§ **Task requirements**
Return the data below exactly, please, but drop the pictures.

§ **Exercise material**
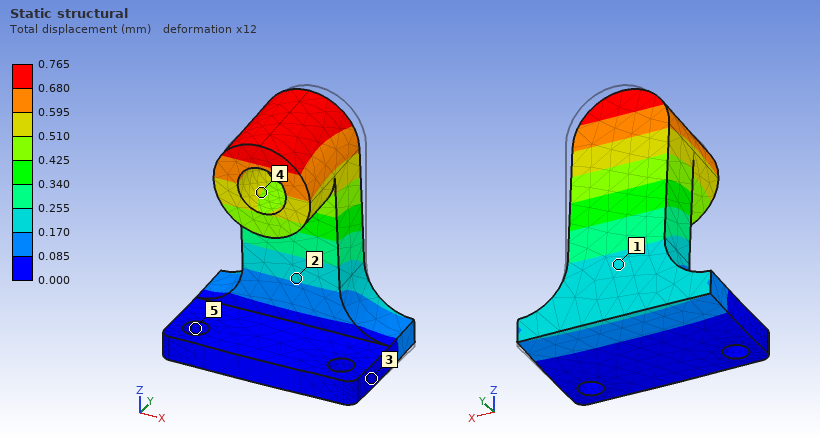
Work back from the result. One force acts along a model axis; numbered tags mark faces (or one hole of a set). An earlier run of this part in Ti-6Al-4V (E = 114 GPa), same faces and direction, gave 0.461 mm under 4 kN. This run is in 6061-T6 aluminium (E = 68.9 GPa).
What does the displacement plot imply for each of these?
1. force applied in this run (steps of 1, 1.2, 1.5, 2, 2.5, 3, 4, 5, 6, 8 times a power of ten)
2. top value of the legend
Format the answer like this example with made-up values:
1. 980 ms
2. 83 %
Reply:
1. 4 kN
2. 0.765 mm
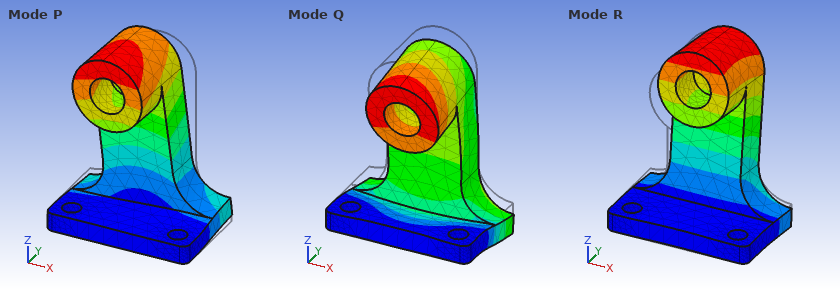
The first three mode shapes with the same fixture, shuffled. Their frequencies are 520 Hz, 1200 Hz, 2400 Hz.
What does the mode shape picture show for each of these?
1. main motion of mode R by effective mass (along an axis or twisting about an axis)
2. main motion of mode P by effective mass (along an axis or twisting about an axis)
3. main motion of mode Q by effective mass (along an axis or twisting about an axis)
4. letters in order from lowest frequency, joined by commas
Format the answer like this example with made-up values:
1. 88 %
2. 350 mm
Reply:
1. along Y
2. along X
3. along Z
4. R, P, Q
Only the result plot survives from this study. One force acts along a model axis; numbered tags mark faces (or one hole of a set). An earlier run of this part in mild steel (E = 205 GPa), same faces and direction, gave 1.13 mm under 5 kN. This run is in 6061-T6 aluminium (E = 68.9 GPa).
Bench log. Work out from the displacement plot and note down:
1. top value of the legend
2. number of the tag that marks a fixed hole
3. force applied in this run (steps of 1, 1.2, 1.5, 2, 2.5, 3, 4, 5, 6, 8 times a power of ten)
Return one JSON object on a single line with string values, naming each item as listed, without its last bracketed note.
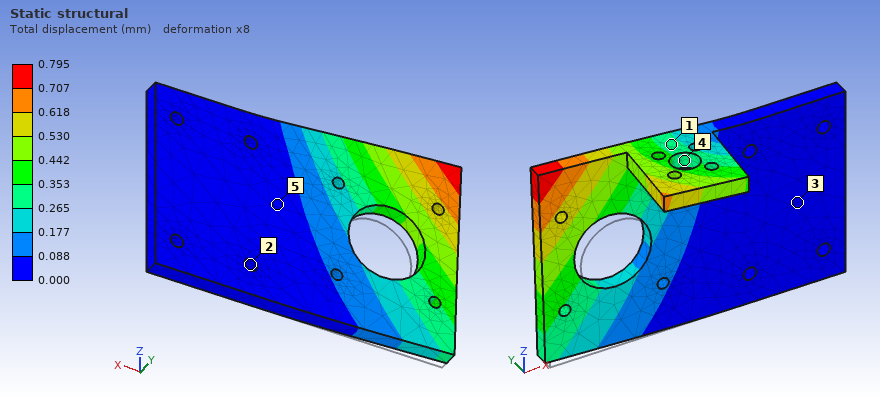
{"top value of the legend": "0.795 mm", "number of the tag that marks a fixed hole": "2", "force applied in this run": "1.2 kN"}
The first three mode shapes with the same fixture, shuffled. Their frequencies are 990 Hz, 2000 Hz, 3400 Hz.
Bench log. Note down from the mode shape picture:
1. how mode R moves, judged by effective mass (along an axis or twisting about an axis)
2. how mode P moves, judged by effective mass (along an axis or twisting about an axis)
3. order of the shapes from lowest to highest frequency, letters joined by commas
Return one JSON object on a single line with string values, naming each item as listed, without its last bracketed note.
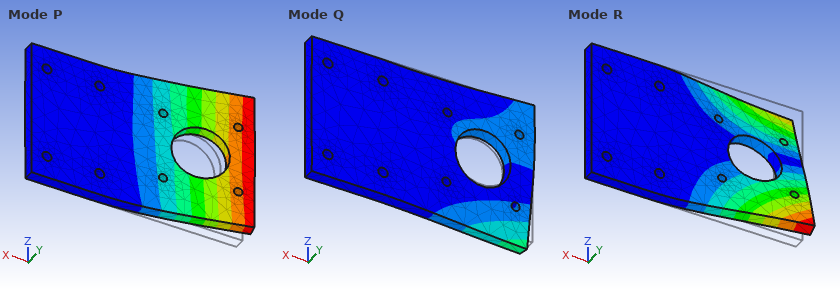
{"how mode R moves, judged by effective mass": "twisting about X", "how mode P moves, judged by effective mass": "along Y", "order of the shapes from lowest to highest frequency, letters joined by commas": "P, R, Q"}
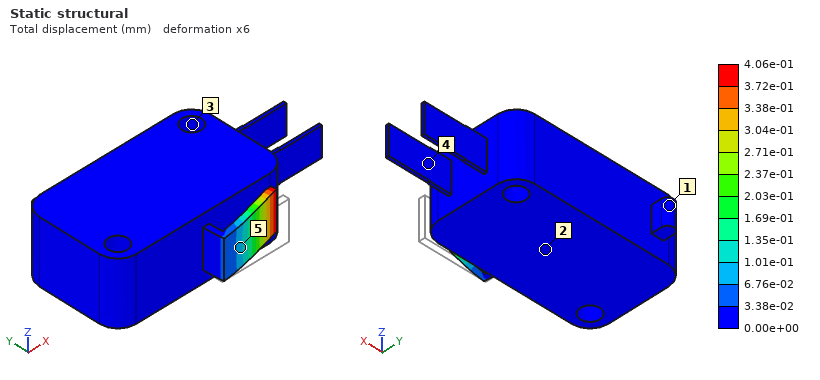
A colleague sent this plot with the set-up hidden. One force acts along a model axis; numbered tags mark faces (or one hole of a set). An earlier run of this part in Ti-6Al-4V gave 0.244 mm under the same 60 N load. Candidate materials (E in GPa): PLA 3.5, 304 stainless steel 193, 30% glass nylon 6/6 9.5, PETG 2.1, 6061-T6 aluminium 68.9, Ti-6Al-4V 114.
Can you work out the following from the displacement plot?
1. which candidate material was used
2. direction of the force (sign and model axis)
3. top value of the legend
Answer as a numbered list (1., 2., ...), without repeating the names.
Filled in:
1. 6061-T6 aluminium
2. +Y
3. 4.06e-01 mm
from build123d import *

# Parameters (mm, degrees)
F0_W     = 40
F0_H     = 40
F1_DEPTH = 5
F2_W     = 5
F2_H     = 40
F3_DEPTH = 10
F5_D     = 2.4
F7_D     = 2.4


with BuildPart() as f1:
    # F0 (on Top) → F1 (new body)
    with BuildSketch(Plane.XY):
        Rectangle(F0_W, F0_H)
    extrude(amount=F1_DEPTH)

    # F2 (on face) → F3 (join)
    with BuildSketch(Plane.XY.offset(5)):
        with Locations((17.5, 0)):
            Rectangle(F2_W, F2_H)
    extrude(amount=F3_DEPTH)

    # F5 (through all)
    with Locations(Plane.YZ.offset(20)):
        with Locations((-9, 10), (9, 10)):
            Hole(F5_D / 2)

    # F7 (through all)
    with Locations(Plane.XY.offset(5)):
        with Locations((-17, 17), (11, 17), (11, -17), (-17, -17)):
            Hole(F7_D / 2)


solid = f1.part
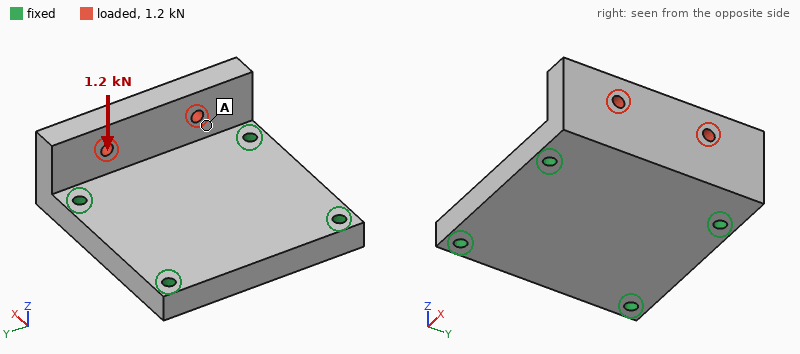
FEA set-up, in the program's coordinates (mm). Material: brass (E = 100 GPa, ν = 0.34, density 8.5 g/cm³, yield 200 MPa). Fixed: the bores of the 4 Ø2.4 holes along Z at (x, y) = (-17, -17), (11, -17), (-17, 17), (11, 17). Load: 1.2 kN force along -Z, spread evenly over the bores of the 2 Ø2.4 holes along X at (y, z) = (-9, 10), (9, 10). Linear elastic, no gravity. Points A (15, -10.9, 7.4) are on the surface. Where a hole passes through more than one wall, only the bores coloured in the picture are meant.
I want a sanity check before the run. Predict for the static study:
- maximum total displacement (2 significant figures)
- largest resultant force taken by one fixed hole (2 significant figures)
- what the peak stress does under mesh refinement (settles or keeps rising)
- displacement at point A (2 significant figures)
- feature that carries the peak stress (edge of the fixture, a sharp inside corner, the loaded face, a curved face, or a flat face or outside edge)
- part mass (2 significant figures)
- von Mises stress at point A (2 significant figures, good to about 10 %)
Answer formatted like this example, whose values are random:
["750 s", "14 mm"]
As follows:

§ **Solution**
Work back from the result. One force acts along a model axis; numbered tags mark faces (or one hole of a set). An earlier run of this part in Ti-6Al-4V (E = 114 GPa), same faces and direction, gave 0.461 mm under 4 kN. This run is in 6061-T6 aluminium (E = 68.9 GPa).
What does the displacement plot imply for each of these?
1. force applied in this run (steps of 1, 1.2, 1.5, 2, 2.5, 3, 4, 5, 6, 8 times a power of ten)
2. top value of the legend
Format the answer like this example with made-up values:
1. 980 ms
2. 83 %
Reply:
1. 4 kN
2. 0.765 mm
The first three mode shapes with the same fixture, shuffled. Their frequencies are 520 Hz, 1200 Hz, 2400 Hz.
What does the mode shape picture show for each of these?
1. main motion of mode R by effective mass (along an axis or twisting about an axis)
2. main motion of mode P by effective mass (along an axis or twisting about an axis)
3. main motion of mode Q by effective mass (along an axis or twisting about an axis)
4. letters in order from lowest frequency, joined by commas
Format the answer like this example with made-up values:
1. 88 %
2. 350 mm
Reply:
1. along Y
2. along X
3. along Z
4. R, P, Q
Only the result plot survives from this study. One force acts along a model axis; numbered tags mark faces (or one hole of a set). An earlier run of this part in mild steel (E = 205 GPa), same faces and direction, gave 1.13 mm under 5 kN. This run is in 6061-T6 aluminium (E = 68.9 GPa).
Bench log. Work out from the displacement plot and note down:
1. top value of the legend
2. number of the tag that marks a fixed hole
3. force applied in this run (steps of 1, 1.2, 1.5, 2, 2.5, 3, 4, 5, 6, 8 times a power of ten)
Return one JSON object on a single line with string values, naming each item as listed, without its last bracketed note.
{"top value of the legend": "0.795 mm", "number of the tag that marks a fixed hole": "2", "force applied in this run": "1.2 kN"}
The first three mode shapes with the same fixture, shuffled. Their frequencies are 990 Hz, 2000 Hz, 3400 Hz.
Bench log. Note down from the mode shape picture:
1. how mode R moves, judged by effective mass (along an axis or twisting about an axis)
2. how mode P moves, judged by effective mass (along an axis or twisting about an axis)
3. order of the shapes from lowest to highest frequency, letters joined by commas
Return one JSON object on a single line with string values, naming each item as listed, without its last bracketed note.
{"how mode R moves, judged by effective mass": "twisting about X", "how mode P moves, judged by effective mass": "along Y", "order of the shapes from lowest to highest frequency, letters joined by commas": "P, R, Q"}
A colleague sent this plot with the set-up hidden. One force acts along a model axis; numbered tags mark faces (or one hole of a set). An earlier run of this part in Ti-6Al-4V gave 0.244 mm under the same 60 N load. Candidate materials (E in GPa): PLA 3.5, 304 stainless steel 193, 30% glass nylon 6/6 9.5, PETG 2.1, 6061-T6 aluminium 68.9, Ti-6Al-4V 114.
Can you work out the following from the displacement plot?
1. which candidate material was used
2. direction of the force (sign and model axis)
3. top value of the legend
Answer as a numbered list (1., 2., ...), without repeating the names.
Filled in:
1. 6061-T6 aluminium
2. +Y
3. 4.06e-01 mm
from build123d import *

# Parameters (mm, degrees)
F0_W     = 40
F0_H     = 40
F1_DEPTH = 5
F2_W     = 5
F2_H     = 40
F3_DEPTH = 10
F5_D     = 2.4
F7_D     = 2.4


with BuildPart() as f1:
    # F0 (on Top) → F1 (new body)
    with BuildSketch(Plane.XY):
        Rectangle(F0_W, F0_H)
    extrude(amount=F1_DEPTH)

    # F2 (on face) → F3 (join)
    with BuildSketch(Plane.XY.offset(5)):
        with Locations((17.5, 0)):
            Rectangle(F2_W, F2_H)
    extrude(amount=F3_DEPTH)

    # F5 (through all)
    with Locations(Plane.YZ.offset(20)):
        with Locations((-9, 10), (9, 10)):
            Hole(F5_D / 2)

    # F7 (through all)
    with Locations(Plane.XY.offset(5)):
        with Locations((-17, 17), (11, 17), (11, -17), (-17, -17)):
            Hole(F7_D / 2)


solid = f1.part
FEA set-up, in the program's coordinates (mm). Material: brass (E = 100 GPa, ν = 0.34, density 8.5 g/cm³, yield 200 MPa). Fixed: the bores of the 4 Ø2.4 holes along Z at (x, y) = (-17, -17), (11, -17), (-17, 17), (11, 17). Load: 1.2 kN force along -Z, spread evenly over the bores of the 2 Ø2.4 holes along X at (y, z) = (-9, 10), (9, 10). Linear elastic, no gravity. Points A (15, -10.9, 7.4) are on the surface. Where a hole passes through more than one wall, only the bores coloured in the picture are meant.
I want a sanity check before the run. Predict for the static study:
- maximum total displacement (2 significant figures)
- largest resultant force taken by one fixed hole (2 significant figures)
- what the peak stress does under mesh refinement (settles or keeps rising)
- displacement at point A (2 significant figures)
- feature that carries the peak stress (edge of the fixture, a sharp inside corner, the loaded face, a curved face, or a flat face or outside edge)
- part mass (2 significant figures)
- von Mises stress at point A (2 significant figures, good to about 10 %)
Answer formatted like this example, whose values are random:
["750 s", "14 mm"]
As follows:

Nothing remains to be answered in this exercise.